Among the lines below, restate word for word only those from the line with "Answer in list" through the line with "#5 person [656,515,743,651]", with both end lines kept.
RECORD EXCERPTS: Begin
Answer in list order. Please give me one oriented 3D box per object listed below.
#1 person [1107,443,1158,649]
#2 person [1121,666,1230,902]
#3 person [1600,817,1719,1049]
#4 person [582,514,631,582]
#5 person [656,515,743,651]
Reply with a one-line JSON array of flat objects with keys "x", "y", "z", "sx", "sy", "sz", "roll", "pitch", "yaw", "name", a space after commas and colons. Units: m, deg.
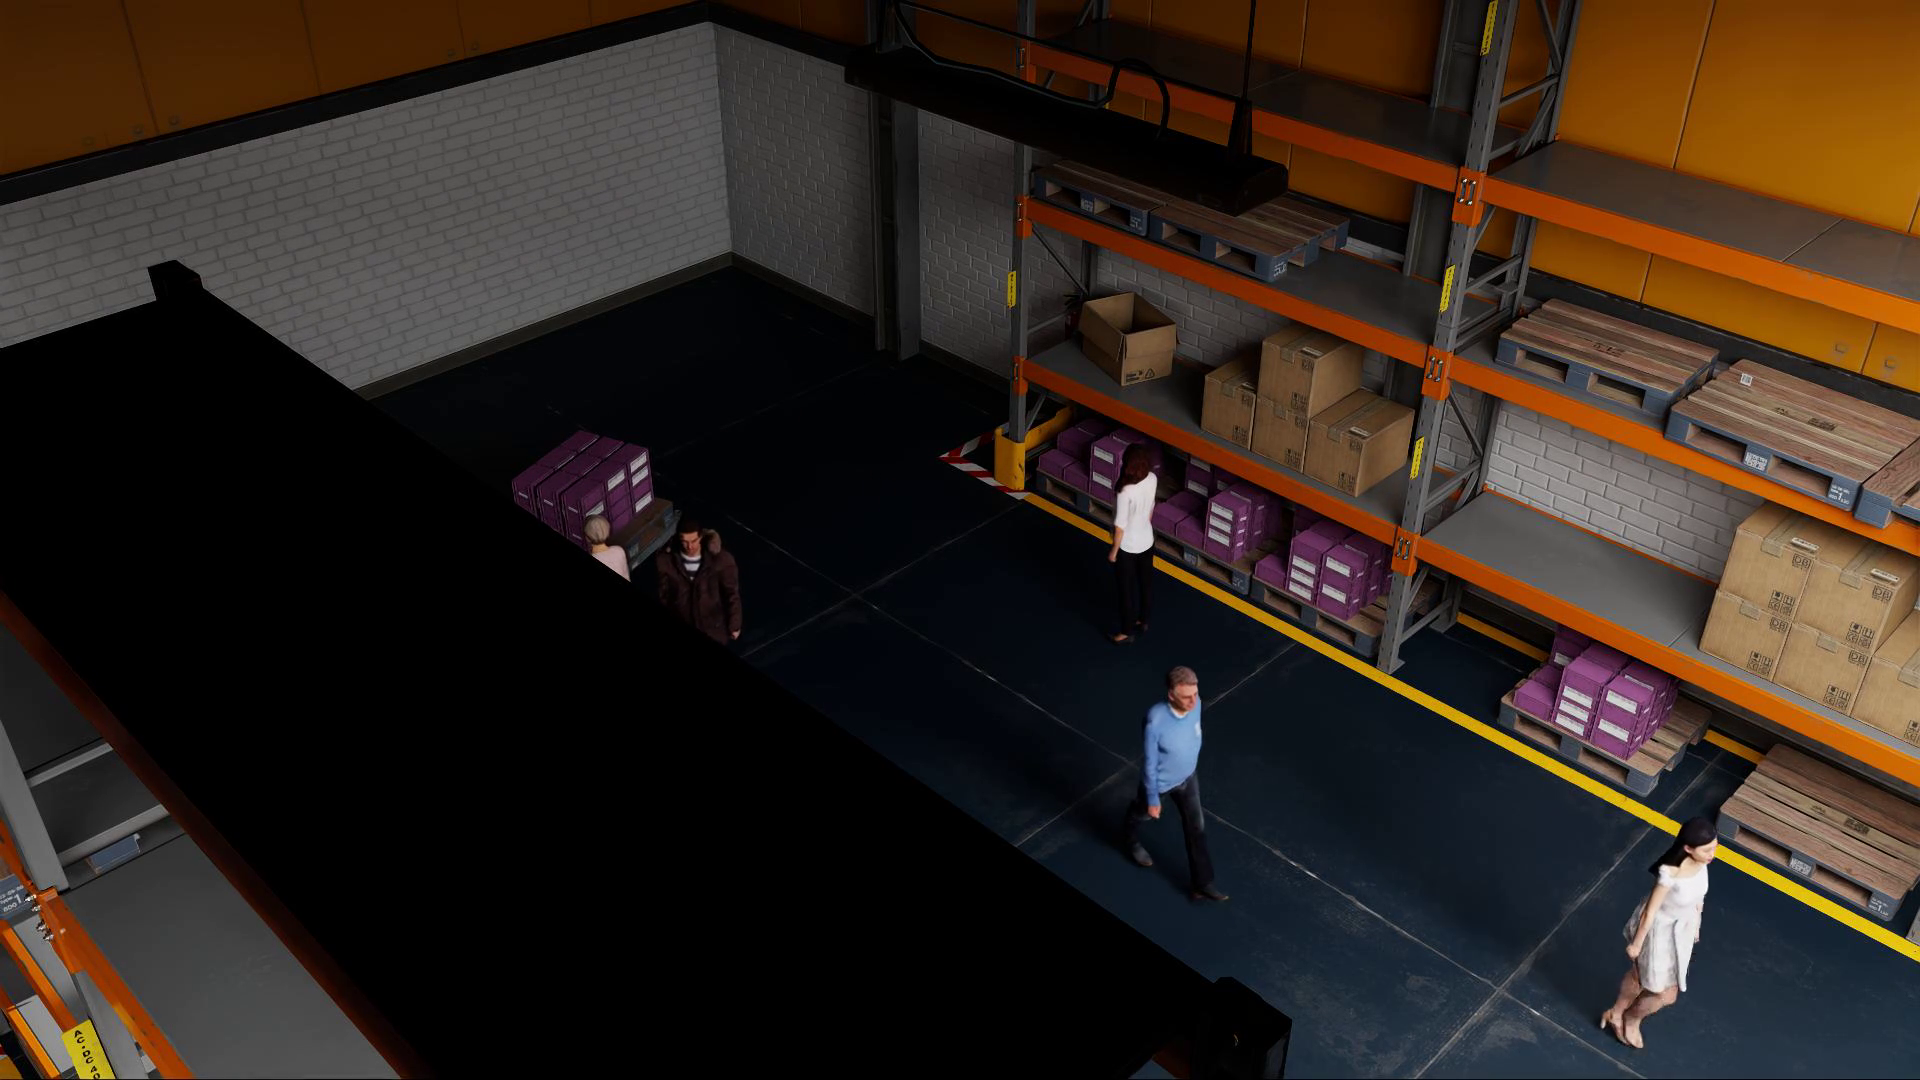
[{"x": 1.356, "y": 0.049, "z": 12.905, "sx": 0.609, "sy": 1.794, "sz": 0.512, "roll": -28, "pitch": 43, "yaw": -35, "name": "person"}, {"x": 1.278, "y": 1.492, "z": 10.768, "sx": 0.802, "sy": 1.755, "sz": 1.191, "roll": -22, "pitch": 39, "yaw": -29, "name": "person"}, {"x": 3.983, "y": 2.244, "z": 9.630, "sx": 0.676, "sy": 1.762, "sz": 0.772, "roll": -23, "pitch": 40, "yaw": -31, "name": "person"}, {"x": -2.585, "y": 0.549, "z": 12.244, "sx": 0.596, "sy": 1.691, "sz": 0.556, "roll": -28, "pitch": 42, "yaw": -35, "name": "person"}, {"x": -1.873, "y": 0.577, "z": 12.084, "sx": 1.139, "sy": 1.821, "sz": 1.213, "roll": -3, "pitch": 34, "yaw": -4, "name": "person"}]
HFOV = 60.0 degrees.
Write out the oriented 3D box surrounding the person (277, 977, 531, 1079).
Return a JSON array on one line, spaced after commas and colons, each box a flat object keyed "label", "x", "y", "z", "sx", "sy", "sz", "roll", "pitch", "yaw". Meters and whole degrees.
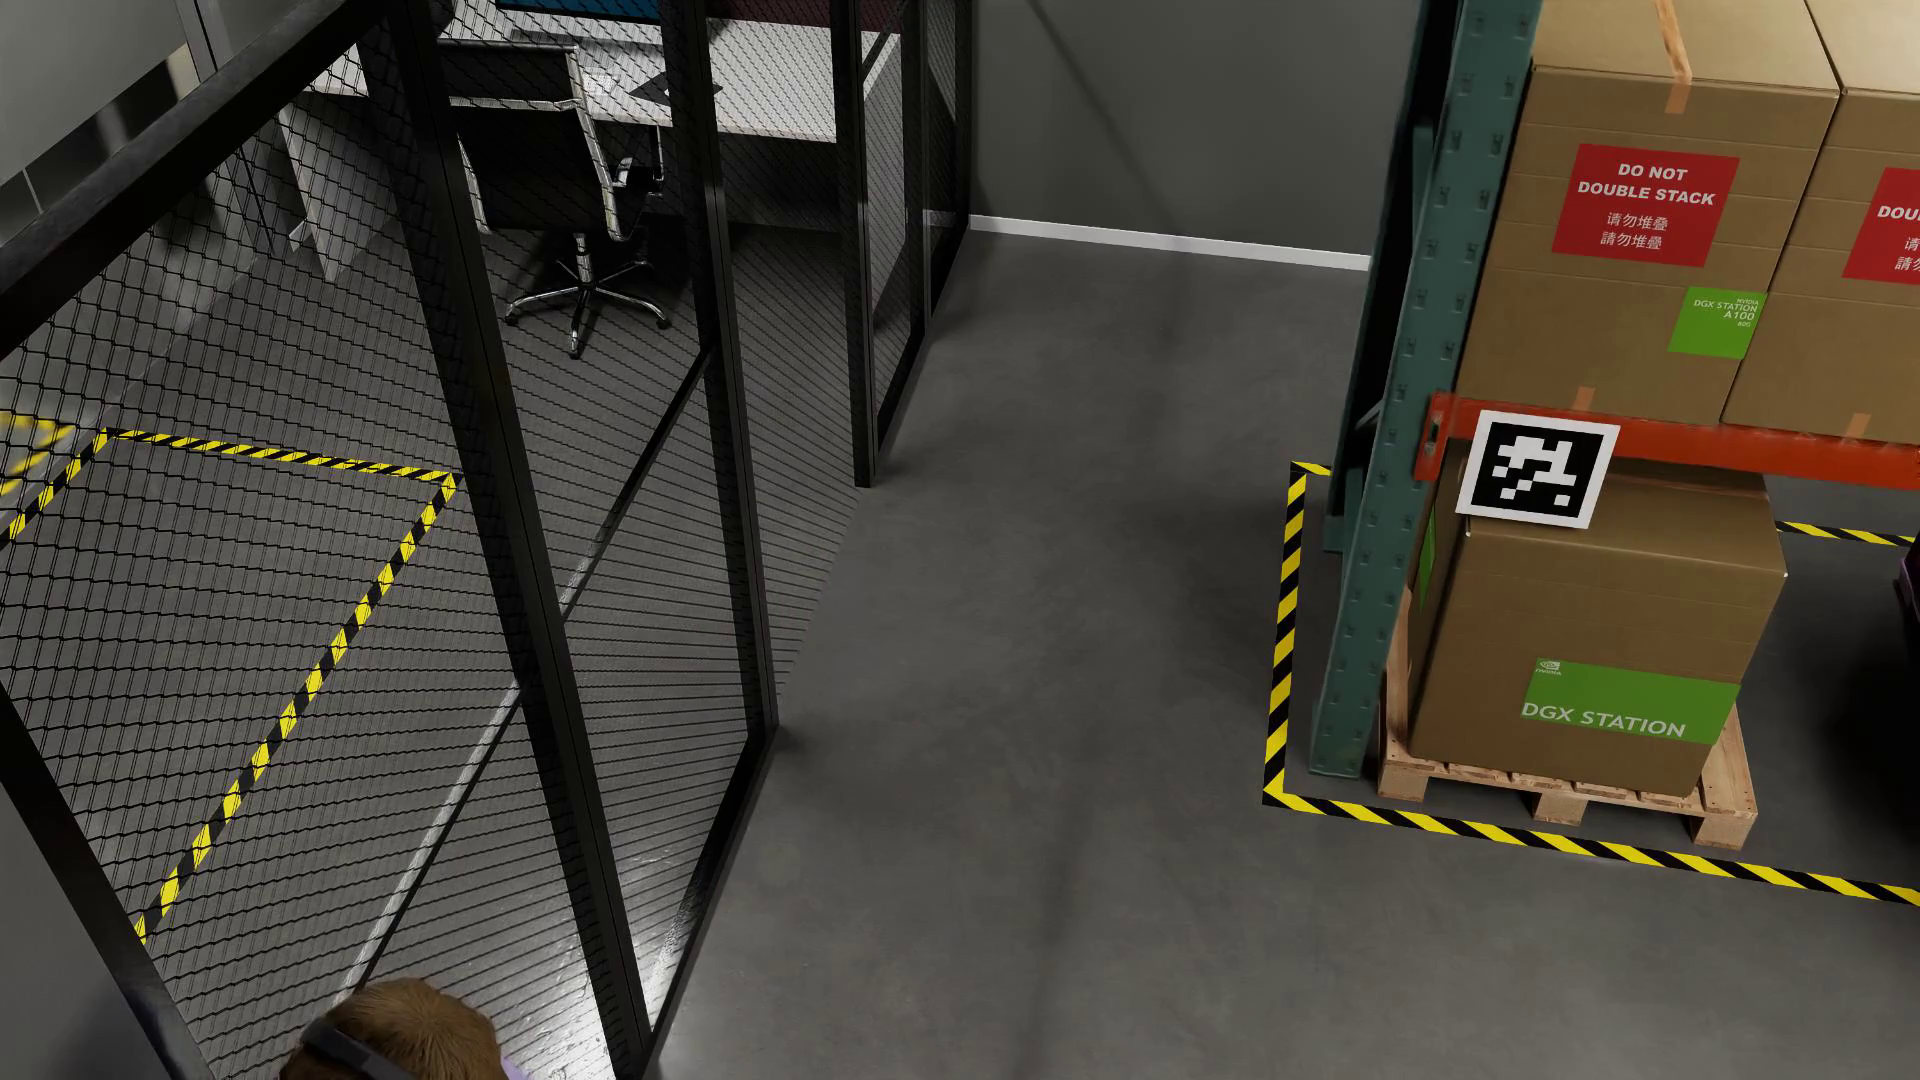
RECORD EXCERPTS: End
RECORD EXCERPTS: Begin
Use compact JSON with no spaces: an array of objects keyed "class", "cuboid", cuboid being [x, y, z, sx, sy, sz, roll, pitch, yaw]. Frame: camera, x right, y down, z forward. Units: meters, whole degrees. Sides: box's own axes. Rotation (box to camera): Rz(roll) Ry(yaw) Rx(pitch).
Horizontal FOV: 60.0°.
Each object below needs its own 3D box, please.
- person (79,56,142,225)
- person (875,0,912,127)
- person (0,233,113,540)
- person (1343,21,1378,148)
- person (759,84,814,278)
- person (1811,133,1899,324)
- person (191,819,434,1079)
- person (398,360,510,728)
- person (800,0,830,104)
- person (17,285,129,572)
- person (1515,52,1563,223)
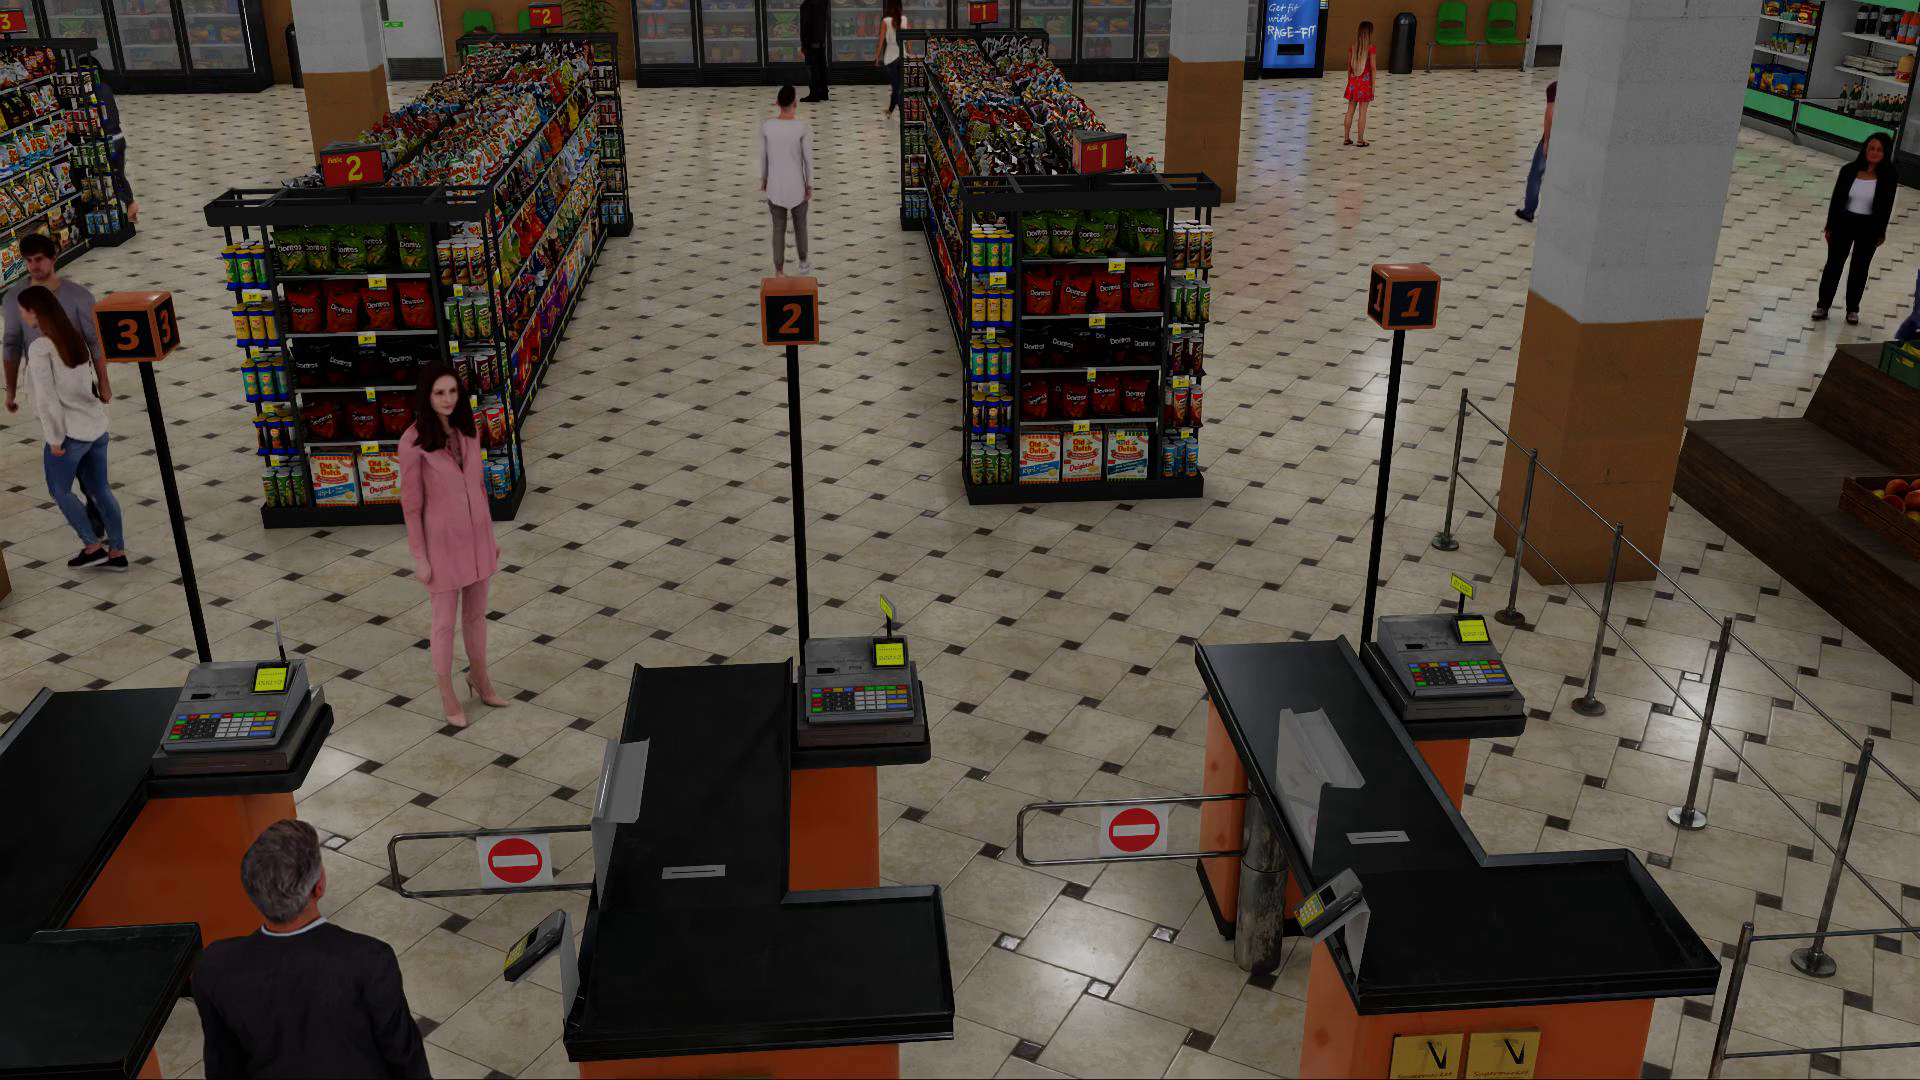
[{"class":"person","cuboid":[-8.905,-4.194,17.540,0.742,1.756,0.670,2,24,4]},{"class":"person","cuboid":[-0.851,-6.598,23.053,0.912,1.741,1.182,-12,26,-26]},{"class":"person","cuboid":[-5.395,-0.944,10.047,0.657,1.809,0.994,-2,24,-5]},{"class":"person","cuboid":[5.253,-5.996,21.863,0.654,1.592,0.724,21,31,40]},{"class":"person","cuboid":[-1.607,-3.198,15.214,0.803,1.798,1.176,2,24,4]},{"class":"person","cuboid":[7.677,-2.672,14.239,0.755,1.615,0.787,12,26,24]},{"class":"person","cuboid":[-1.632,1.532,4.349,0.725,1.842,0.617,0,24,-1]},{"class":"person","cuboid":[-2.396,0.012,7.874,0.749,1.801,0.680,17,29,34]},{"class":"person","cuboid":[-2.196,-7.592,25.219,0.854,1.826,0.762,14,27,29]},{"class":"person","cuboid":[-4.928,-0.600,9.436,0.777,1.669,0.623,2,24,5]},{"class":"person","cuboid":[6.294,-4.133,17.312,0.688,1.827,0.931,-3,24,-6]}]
RECORD EXCERPTS: End
YOUR SOLUTION =>
Answer in list order. Please give me one oriented 3D box per object listed below.
#1 person [1107,443,1158,649]
#2 person [1121,666,1230,902]
#3 person [1600,817,1719,1049]
#4 person [582,514,631,582]
#5 person [656,515,743,651]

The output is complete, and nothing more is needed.